Potential contenders, as compiled by Reuters

Tony Bates: Came to Microsoft two years ago as CEO of the acquired Skype and was recently elevated to lead Microsoft's business development and overall strategy.
Terry Myerson: The executive in charge of operating systems, which is still the heart of Microsoft, ranging across PCs, tablets, phones and the Xbox game console.
Satya Nadella: Heads Microsoft's cloud and enterprise group, which is coming to the fore as the company struggles to catch up in online and mobile computing.
Kevin Turner: As COO for the last eight years, the former Wal-Mart Stores executive leads Microsoft's enormous sales organisation, but is generally considered to lack the technology credibility to be CEO.
Steven Sinofsky: The former head of the Windows unit was widely tipped as a potential Microsoft CEO until his abrupt departure in November. His reputation has taken a hit since then with the dismal sales of the Surface tablet he launched and the lukewarm reception of Windows 8.
Vic Gundotra: The high-flying Google engineer, key to that company's mobile phone and social initiatives, is a former Microsoft executive who could be tempted to return.
Reed Hastings: The CEO of Netflix is a rising Silicon Valley star and has intimate knowledge of Microsoft's business after several years on its board, until his departure last year.
Paul Maritz: One of the key powers in the early days of Windows, Maritz left in 2000 and eventually ran virtualisation firm VMware until last year. Talk occasionally surfaces that he could return to Microsoft, but he has never indicated any interest publicly.
Bill Gates: The co-founder of Microsoft is still chairman, but has focused his day-to-day efforts on philanthropy since 2008 when he vacated his office on campus. People close to him say he is not considering a return to the CEO position.

Microsoft has healthy reserves of $77 billion, and turned over $20 billion in the last quarter, notes Goldstuck. He says the only company in the world that can afford to buy it is Apple.

While Ballmer managed it competently as a business, it is shown up when compared to its peers, such as Apple and Google, says Goldstuck.

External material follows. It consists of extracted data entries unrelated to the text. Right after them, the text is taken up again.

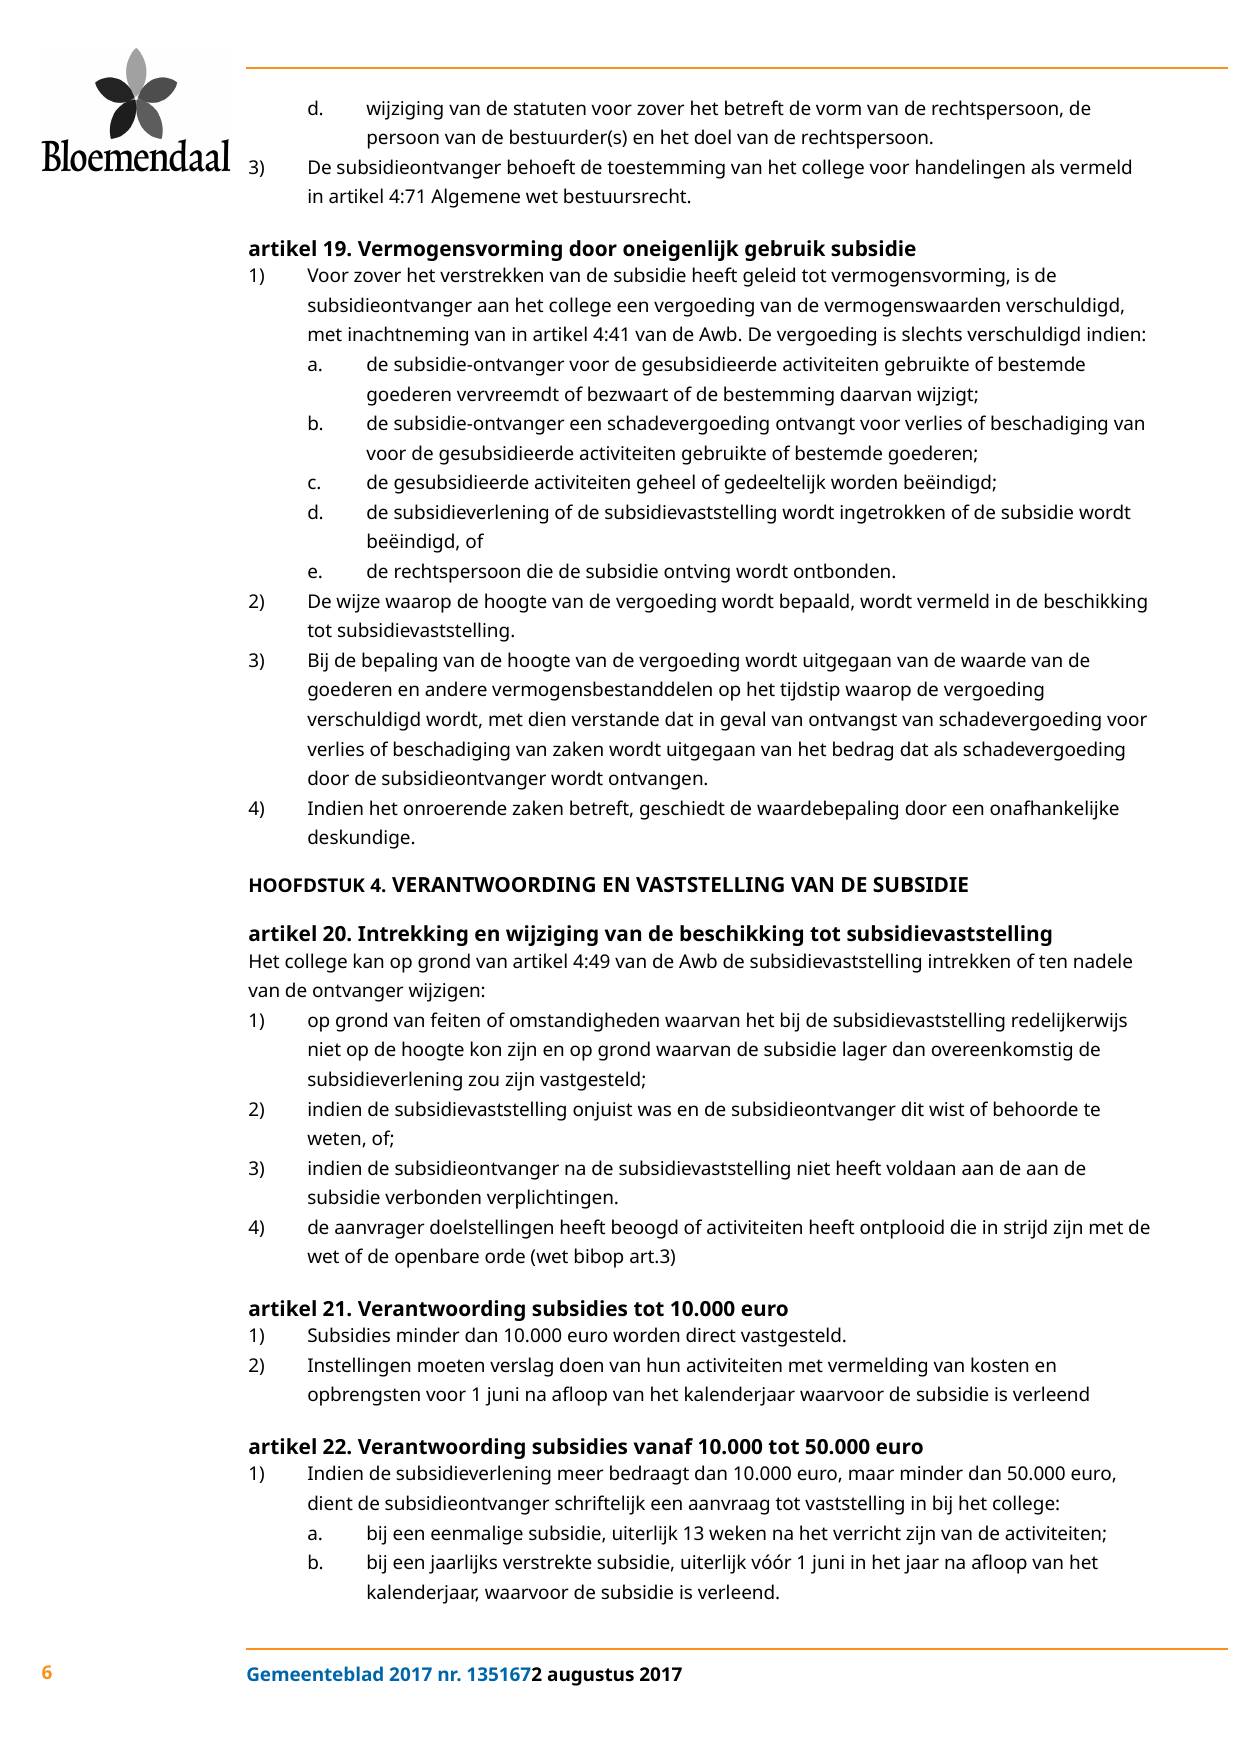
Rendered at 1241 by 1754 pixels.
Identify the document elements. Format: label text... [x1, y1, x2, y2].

list wijziging van de statuten voor zover het betreft de vorm van de rechtspersoon, de persoon van de bestuurder(s) en het doel van de rechtspersoon. [307, 95, 1152, 150]
text artikel 22. Verantwoording subsidies vanaf 10.000 tot 50.000 euro [248, 1432, 1152, 1461]
list de subsidie-ontvanger voor de gesubsidieerde activiteiten gebruikte of bestemde goederen vervreemdt of bezwaart of de bestemming daarvan wijzigt; [307, 351, 1152, 406]
list Subsidies minder dan 10.000 euro worden direct vastgesteld. [248, 1322, 1152, 1348]
text artikel 19. Vermogensvorming door oneigenlijk gebruik subsidie [248, 234, 1152, 262]
list indien de subsidievaststelling onjuist was en de subsidieontvanger dit wist of behoorde te weten, of; [248, 1096, 1152, 1151]
text artikel 21. Verantwoording subsidies tot 10.000 euro [248, 1294, 1152, 1322]
list de rechtspersoon die de subsidie ontving wordt ontbonden. [307, 558, 1152, 584]
list indien de subsidieontvanger na de subsidievaststelling niet heeft voldaan aan de aan de subsidie verbonden verplichtingen. [248, 1155, 1152, 1210]
list Indien de subsidieverlening meer bedraagt dan 10.000 euro, maar minder dan 50.000 euro, dient de subsidieontvanger schriftelijk een aanvraag tot vaststelling in bij het college: [248, 1461, 1152, 1516]
list de aanvrager doelstellingen heeft beoogd of activiteiten heeft ontplooid die in strijd zijn met de wet of de openbare orde (wet bibop art.3) [248, 1214, 1152, 1269]
list Bij de bepaling van de hoogte van de vergoeding wordt uitgegaan van de waarde van de goederen en andere vermogensbestanddelen op het tijdstip waarop de vergoeding verschuldigd wordt, met dien verstande dat in geval van ontvangst van schadevergoeding voor verlies of beschadiging van zaken wordt uitgegaan van het bedrag dat als schadevergoeding door de subsidieontvanger wordt ontvangen. [248, 647, 1152, 791]
list bij een jaarlijks verstrekte subsidie, uiterlijk vóór 1 juni in het jaar na afloop van het kalenderjaar, waarvoor de subsidie is verleend. [307, 1549, 1152, 1604]
list De wijze waarop de hoogte van de vergoeding wordt bepaald, wordt vermeld in de beschikking tot subsidievaststelling. [248, 588, 1152, 643]
list De subsidieontvanger behoeft de toestemming van het college voor handelingen als vermeld in artikel 4:71 Algemene wet bestuursrecht. [248, 154, 1152, 209]
text Het college kan op grond van artikel 4:49 van de Awb de subsidievaststelling intrekken of ten nadele van de ontvanger wijzigen: [248, 948, 1152, 1003]
list Indien het onroerende zaken betreft, geschiedt de waardebepaling door een onafhankelijke deskundige. [248, 795, 1152, 850]
list de subsidie-ontvanger een schadevergoeding ontvangt voor verlies of beschadiging van voor de gesubsidieerde activiteiten gebruikte of bestemde goederen; [307, 410, 1152, 466]
picture [41, 47, 231, 172]
list de gesubsidieerde activiteiten geheel of gedeeltelijk worden beëindigd; [307, 469, 1152, 495]
list Instellingen moeten verslag doen van hun activiteiten met vermelding van kosten en opbrengsten voor 1 juni na afloop van het kalenderjaar waarvoor de subsidie is verleend [248, 1352, 1152, 1407]
list bij een eenmalige subsidie, uiterlijk 13 weken na het verricht zijn van de activiteiten; [307, 1520, 1152, 1545]
text artikel 20. Intrekking en wijziging van de beschikking tot subsidievaststelling [248, 919, 1152, 948]
list Voor zover het verstrekken van de subsidie heeft geleid tot vermogensvorming, is de subsidieontvanger aan het college een vergoeding van de vermogenswaarden verschuldigd, met inachtneming van in artikel 4:41 van de Awb. De vergoeding is slechts verschuldigd indien: [248, 262, 1152, 347]
list op grond van feiten of omstandigheden waarvan het bij de subsidievaststelling redelijkerwijs niet op de hoogte kon zijn en op grond waarvan de subsidie lager dan overeenkomstig de subsidieverlening zou zijn vastgesteld; [248, 1007, 1152, 1092]
list de subsidieverlening of de subsidievaststelling wordt ingetrokken of de subsidie wordt beëindigd, of [307, 499, 1152, 554]
text HOOFDSTUK 4. VERANTWOORDING EN VASTSTELLING VAN DE SUBSIDIE [248, 870, 1152, 898]

Its cash reserves and cash equivalents should be deployed effectively, and Ballmer failed to leverage its war chest, he adds.

Goldstuck says Microsoft's performance has not been bad, although the stock price has been mostly stable for the past decade. "It's been a very boring share to watch."

Theron says it is easy to be critical of Microsoft, as new entrants like Facebook and Google have captured attraction. He points out that Microsoft's shares have been down 40% under Ballmer's watch.

The irony of the 7.29% leap after his resignation was announced is that Ballmer has added $1 billion to his net worth, says Theron. Marissa Mayer's appointment as Yahoo CEO is a reminder that a CEO with energy can reignite the stock price, he notes.

Lost opportunities

Microsoft's missing of market cues must be laid at the feet of the CEO, says Goldstuck. The company lost its early-mover advantage with tablets, and dismissed the mobile revolution.

In the current environment, companies cannot afford to have their core business the same for three decades, says Goldstuck. Ballmer's resignation was probably five years in the making, and his biggest problem was that he could not get his mind-set out of Microsoft's tradition.

Hotmail was another lost opportunity and an example of Microsoft failing to capitalise on its assets, says Goldstuck. Once, it was the de facto online e-mail solution, but then became synonymous with spam and was killed off.

Competitive credible offering Gmail has, however, become the heart of a massive cloud service, says Goldstuck. "Hotmail could have been all that." The technology behind Hotmail is being used as part of Office 365 and Microsoft Live.

Goldstuck notes that Skype, which Microsoft bought just over two years ago for $8.5 billion, still has potential, although the company has not leveraged it effectively in the consumer space. He suspects that Microsoft's corporate culture has not allowed it to maximise the application.

While Surface and Zune have been a "mess" there are bright spots, such as the Xbox, Office and Skype, notes Theron. He says Skype is interesting and has the potential to short-circuit telcos, with the potential to be "big" in the future.